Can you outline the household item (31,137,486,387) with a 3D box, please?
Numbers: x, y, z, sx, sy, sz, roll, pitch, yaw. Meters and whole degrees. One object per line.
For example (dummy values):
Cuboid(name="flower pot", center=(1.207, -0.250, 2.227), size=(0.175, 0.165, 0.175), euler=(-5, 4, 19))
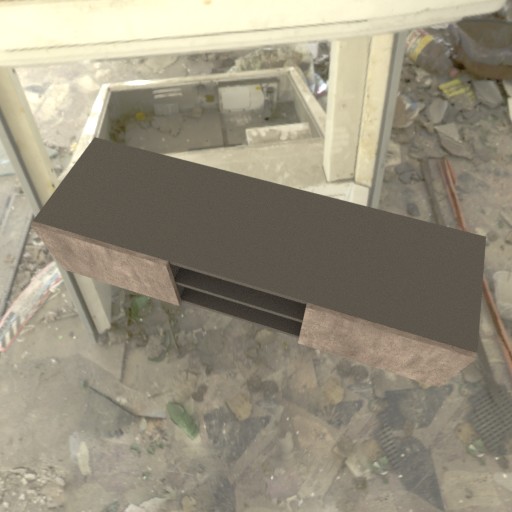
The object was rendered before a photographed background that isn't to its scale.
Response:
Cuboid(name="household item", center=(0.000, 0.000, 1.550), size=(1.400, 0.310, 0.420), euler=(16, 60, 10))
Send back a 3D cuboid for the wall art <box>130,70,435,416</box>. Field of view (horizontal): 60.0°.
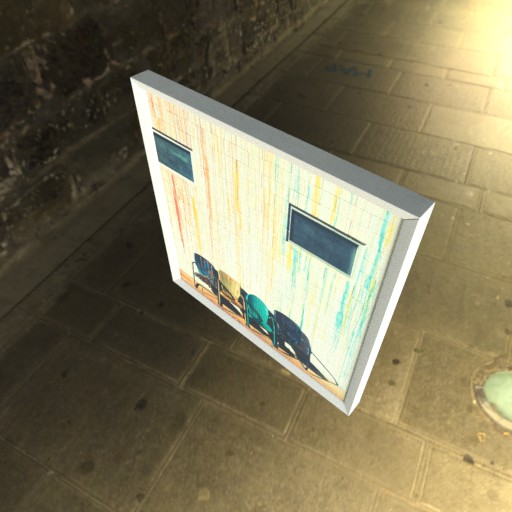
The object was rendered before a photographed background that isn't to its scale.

...

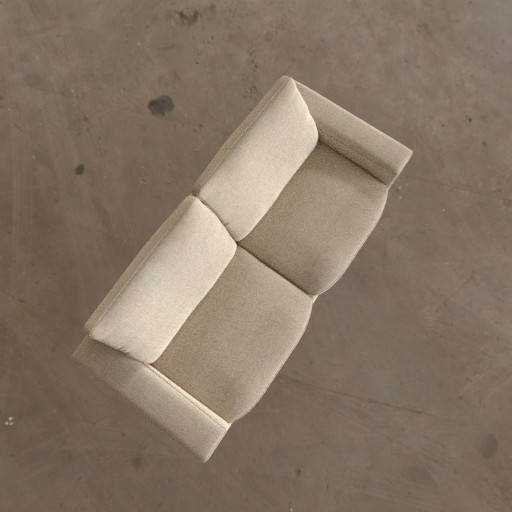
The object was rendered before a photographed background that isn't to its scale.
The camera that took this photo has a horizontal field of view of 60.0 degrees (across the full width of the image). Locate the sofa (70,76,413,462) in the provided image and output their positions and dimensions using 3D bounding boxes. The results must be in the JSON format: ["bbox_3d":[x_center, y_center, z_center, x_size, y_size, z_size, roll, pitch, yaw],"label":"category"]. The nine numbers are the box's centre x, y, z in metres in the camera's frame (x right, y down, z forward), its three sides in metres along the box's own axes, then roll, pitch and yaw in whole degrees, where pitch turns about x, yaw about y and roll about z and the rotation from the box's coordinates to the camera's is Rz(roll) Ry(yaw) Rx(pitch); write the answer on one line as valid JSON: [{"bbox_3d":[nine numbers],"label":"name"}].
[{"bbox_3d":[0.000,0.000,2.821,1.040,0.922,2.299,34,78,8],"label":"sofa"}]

...

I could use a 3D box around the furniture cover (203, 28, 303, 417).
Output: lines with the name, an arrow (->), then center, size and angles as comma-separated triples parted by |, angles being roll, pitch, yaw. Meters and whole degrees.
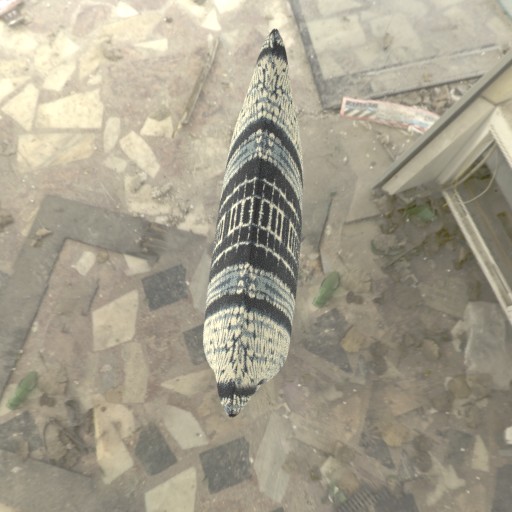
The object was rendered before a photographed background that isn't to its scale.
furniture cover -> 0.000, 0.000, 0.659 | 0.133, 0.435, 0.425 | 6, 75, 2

Prompt
In the records above, find each line that holds the word "Meters"; copy all such lines.

Solution below
Numbers: x, y, z, sx, sy, sz, roll, pitch, yaw. Meters and whole degrees. One object per line.
Output: lines with the name, an arrow (->), then center, size and angles as comma-separated triples parted by |, angles being roll, pitch, yaw. Meters and whole degrees.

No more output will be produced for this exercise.